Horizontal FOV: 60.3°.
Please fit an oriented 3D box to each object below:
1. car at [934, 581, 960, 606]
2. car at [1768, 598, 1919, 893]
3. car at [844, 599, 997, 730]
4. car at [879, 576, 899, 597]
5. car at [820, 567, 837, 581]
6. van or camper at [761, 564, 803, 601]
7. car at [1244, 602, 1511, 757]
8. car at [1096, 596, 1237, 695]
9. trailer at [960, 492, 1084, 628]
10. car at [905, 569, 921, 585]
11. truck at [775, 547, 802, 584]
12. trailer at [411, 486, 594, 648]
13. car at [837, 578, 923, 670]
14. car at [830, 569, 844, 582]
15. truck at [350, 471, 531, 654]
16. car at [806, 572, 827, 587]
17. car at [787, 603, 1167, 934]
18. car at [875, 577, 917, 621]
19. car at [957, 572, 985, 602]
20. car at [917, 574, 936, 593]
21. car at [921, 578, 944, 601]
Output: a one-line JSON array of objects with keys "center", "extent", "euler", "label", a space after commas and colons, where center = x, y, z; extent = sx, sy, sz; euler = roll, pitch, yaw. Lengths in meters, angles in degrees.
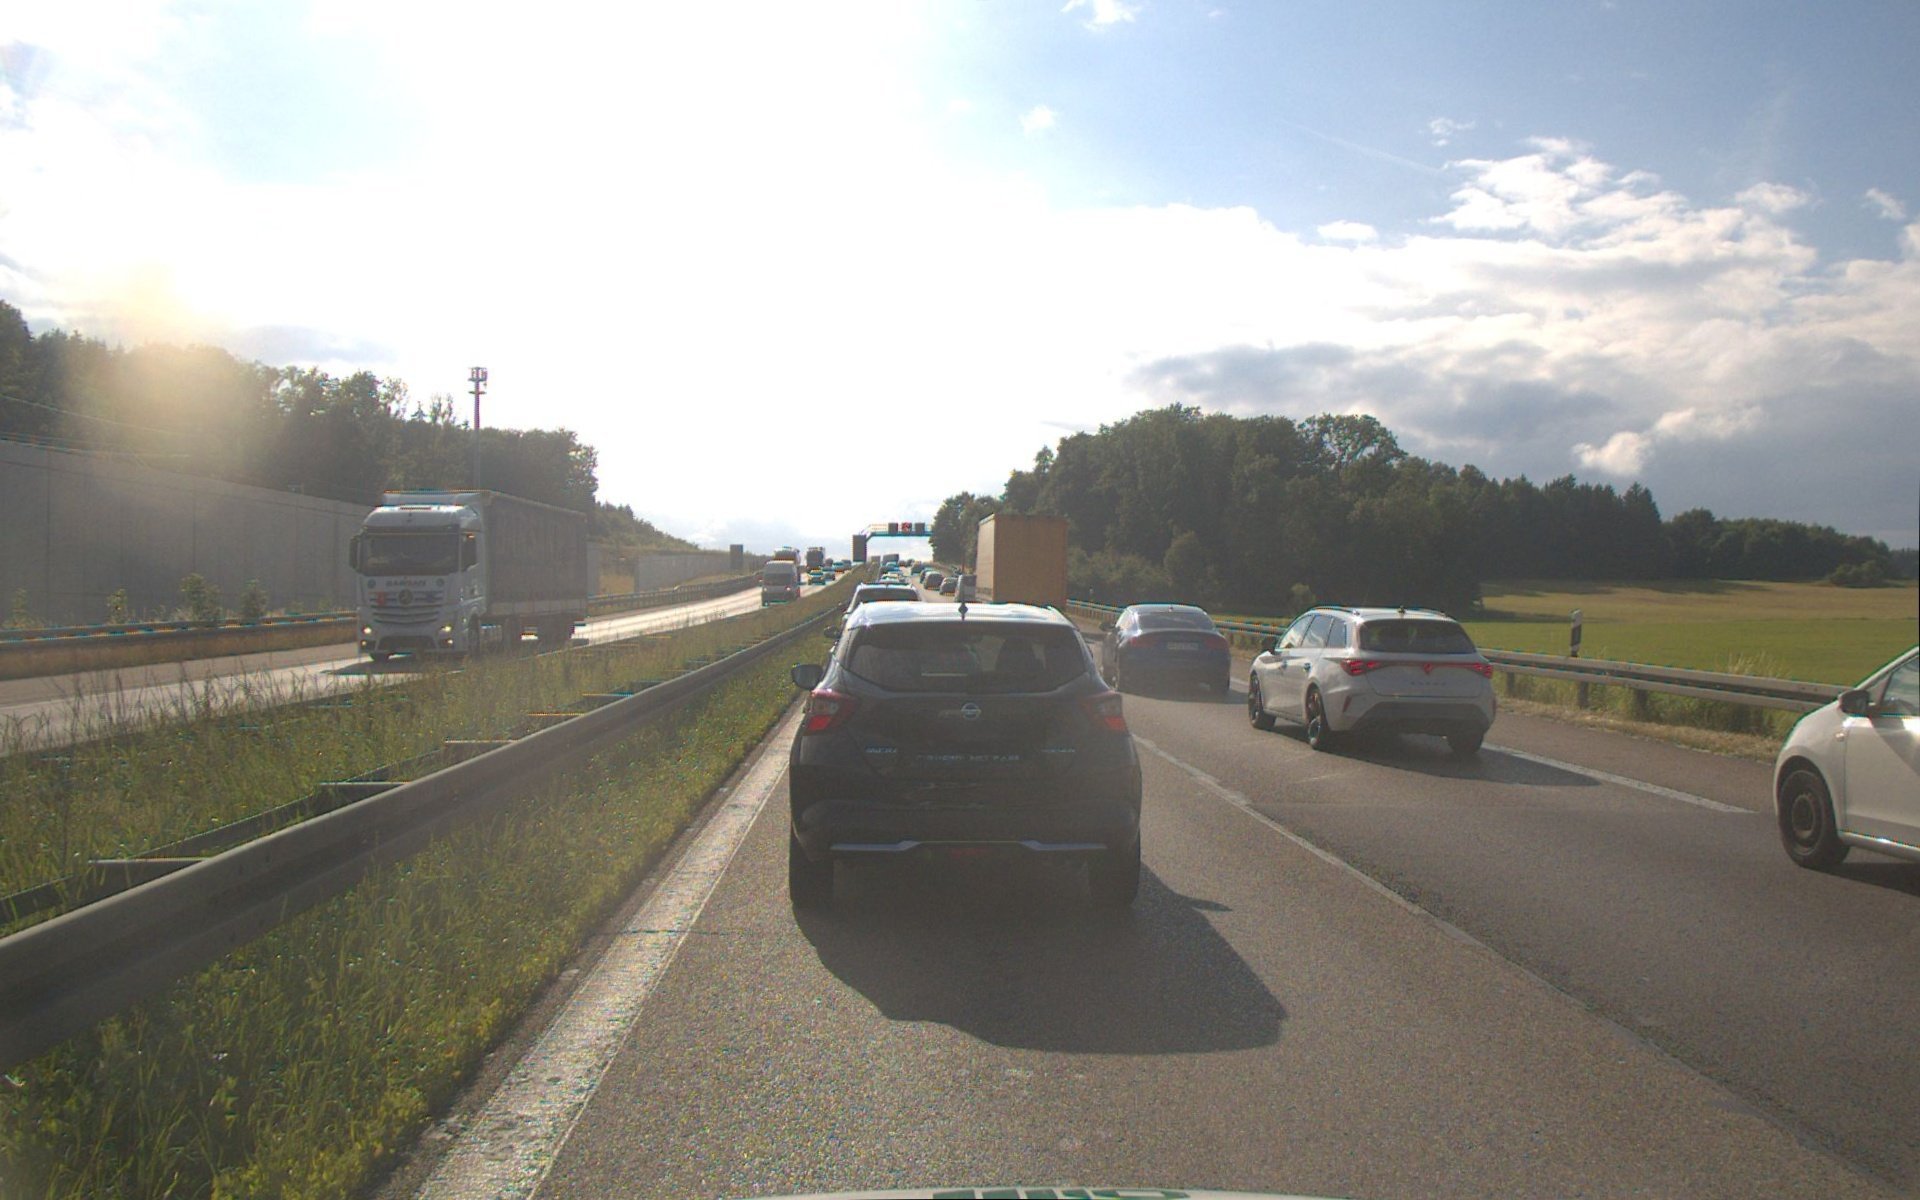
[{"center": [-1.084, -0.496, 139.435], "extent": [1.954, 2.049, 3.997], "euler": [1, 0, -3], "label": "car"}, {"center": [5.780, 0.780, 8.411], "extent": [1.518, 1.521, 3.375], "euler": [1, 1, -4], "label": "car"}, {"center": [-0.470, 0.709, 19.746], "extent": [1.640, 1.391, 3.595], "euler": [1, 0, -1], "label": "car"}, {"center": [-7.313, -1.351, 169.468], "extent": [1.954, 2.049, 3.997], "euler": [1, 0, -3], "label": "car"}, {"center": [-16.024, -3.151, 201.282], "extent": [1.767, 1.543, 4.689], "euler": [1, 0, -1], "label": "car"}, {"center": [-11.452, -1.078, 106.944], "extent": [2.122, 2.244, 6.257], "euler": [1, 0, -1], "label": "van or camper"}, {"center": [4.366, 0.773, 17.930], "extent": [1.588, 1.471, 4.143], "euler": [1, 0, -4], "label": "car"}, {"center": [3.343, 0.708, 27.476], "extent": [1.712, 1.501, 4.145], "euler": [1, 0, -1], "label": "car"}, {"center": [2.105, -1.314, 62.215], "extent": [3.478, 4.535, 12.714], "euler": [1, 0, -3], "label": "trailer"}, {"center": [-6.391, -3.128, 224.739], "extent": [1.954, 2.049, 3.997], "euler": [1, 0, -3], "label": "car"}, {"center": [-18.811, -3.792, 181.235], "extent": [2.501, 3.865, 5.415], "euler": [-1, 0, -2], "label": "truck"}, {"center": [-13.213, -0.837, 49.053], "extent": [2.601, 4.152, 12.388], "euler": [1, 0, -3], "label": "trailer"}, {"center": [-1.597, 0.466, 33.820], "extent": [1.640, 1.756, 3.595], "euler": [1, 0, -1], "label": "car"}, {"center": [-18.649, -3.768, 250.514], "extent": [1.822, 1.866, 4.279], "euler": [1, 0, -2], "label": "car"}, {"center": [-12.852, -0.844, 41.557], "extent": [2.585, 4.169, 6.998], "euler": [1, 0, -3], "label": "truck"}, {"center": [-15.211, -2.179, 175.481], "extent": [1.953, 1.512, 4.397], "euler": [1, 0, -1], "label": "car"}, {"center": [0.056, 0.761, 9.062], "extent": [1.675, 1.451, 3.377], "euler": [1, 0, -1], "label": "car"}, {"center": [-3.155, -0.052, 80.924], "extent": [1.954, 2.049, 3.997], "euler": [1, 0, -3], "label": "car"}, {"center": [0.665, -0.770, 100.906], "extent": [1.633, 1.785, 3.326], "euler": [1, 0, -1], "label": "car"}, {"center": [-3.698, -1.826, 183.421], "extent": [1.954, 2.049, 3.997], "euler": [1, 0, -3], "label": "car"}, {"center": [-2.628, -0.978, 157.799], "extent": [1.954, 2.049, 3.997], "euler": [1, 0, -3], "label": "car"}]
++++++++++++++++++++
* [BRIEF]:
For the listing above, print only the lines starting at the line containing "15. truck at [350, 471, 531, 654]" and ending at the line containing "21. car at [921, 578, 944, 601]", exactly, both included.

* [RESPONSE TO THIS EXERCISE]:
15. truck at [350, 471, 531, 654]
16. car at [806, 572, 827, 587]
17. car at [787, 603, 1167, 934]
18. car at [875, 577, 917, 621]
19. car at [957, 572, 985, 602]
20. car at [917, 574, 936, 593]
21. car at [921, 578, 944, 601]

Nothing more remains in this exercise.